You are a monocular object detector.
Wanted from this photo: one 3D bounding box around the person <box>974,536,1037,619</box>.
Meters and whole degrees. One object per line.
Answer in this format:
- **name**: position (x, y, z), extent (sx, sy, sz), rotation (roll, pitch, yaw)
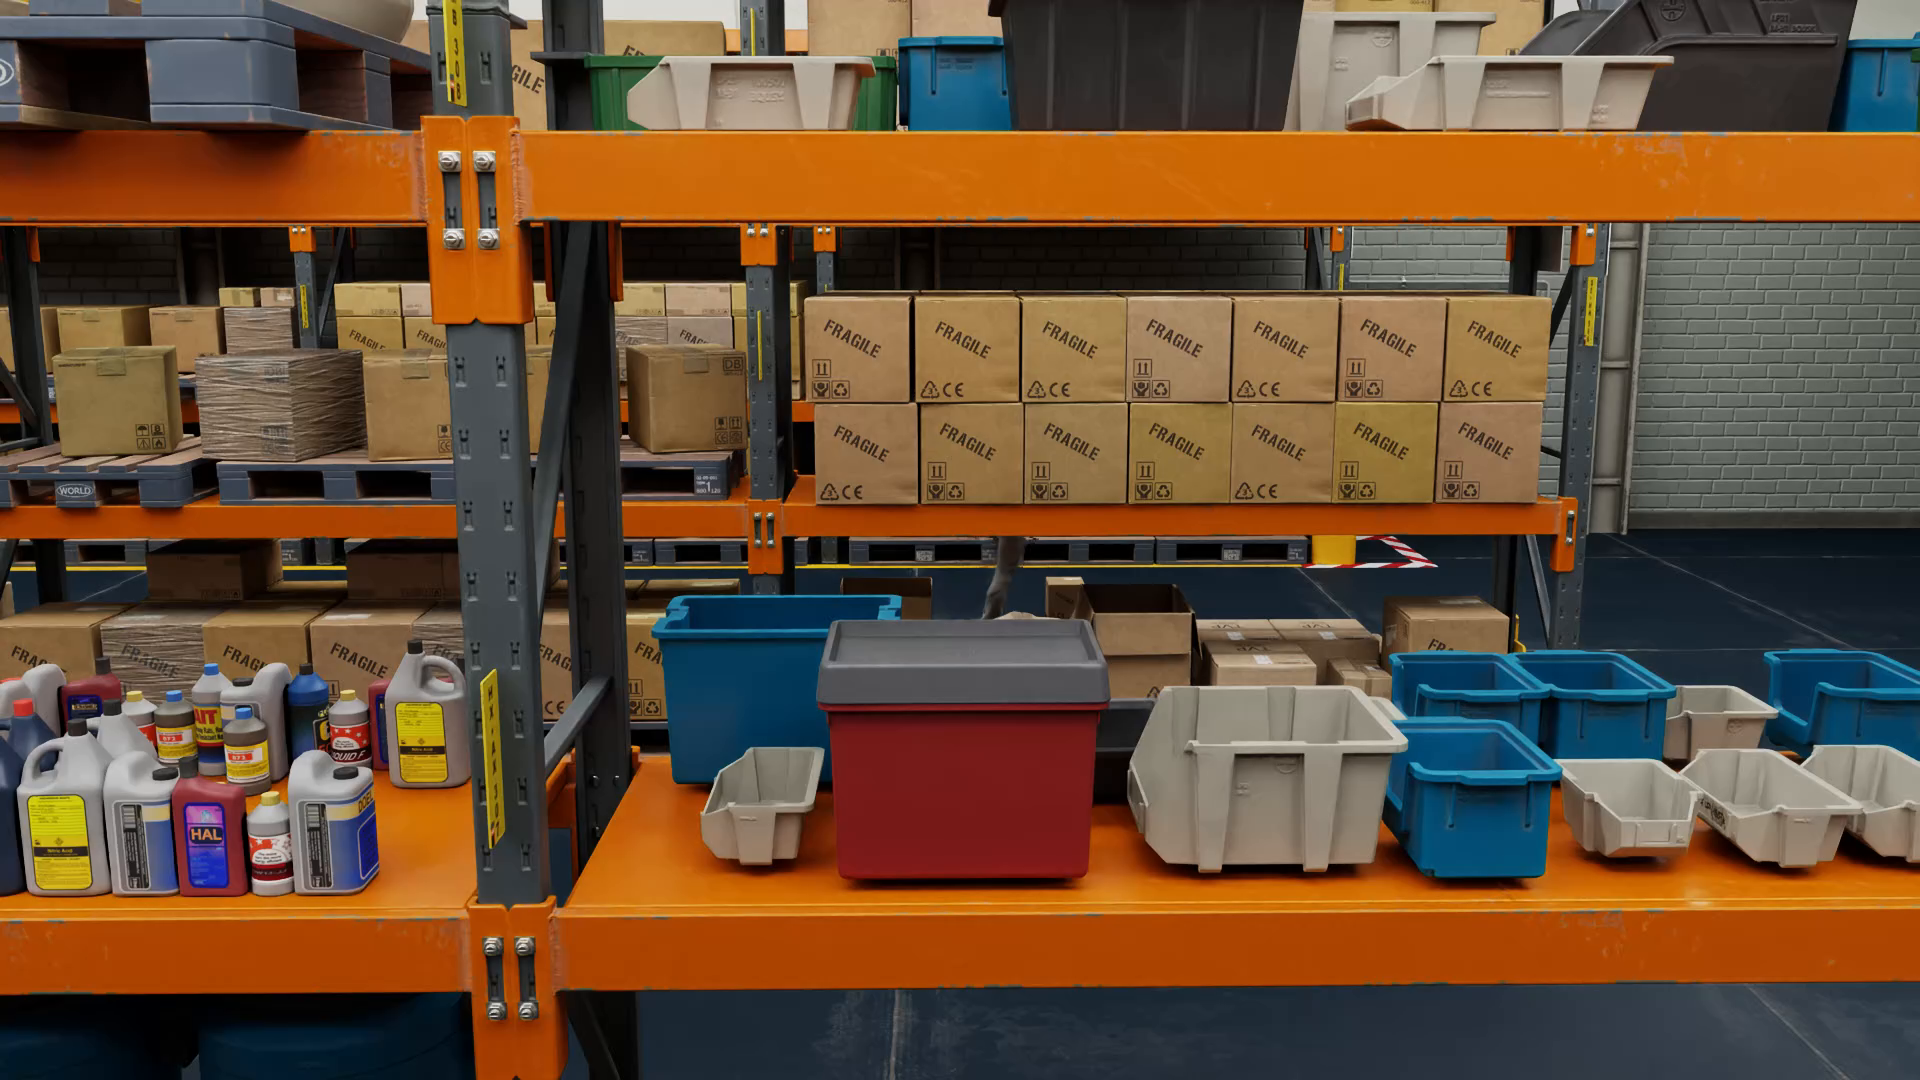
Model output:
- **person**: position (0.287, -0.116, 10.501), extent (0.428, 1.594, 0.476), rotation (10, 15, 43)

**INSTRUCTIONS FOR THE TASK**
Leave out the pictures and print every line of the data exactly.

**TASK SOLUTION**
You are a monocular object detector.
Wanted from this photo: one 3D bounding box around the person <box>974,536,1037,619</box>.
Meters and whole degrees. One object per line.
Answer in this format:
- **name**: position (x, y, z), extent (sx, sy, sz), rotation (roll, pitch, yaw)
Model output:
- **person**: position (0.287, -0.116, 10.501), extent (0.428, 1.594, 0.476), rotation (10, 15, 43)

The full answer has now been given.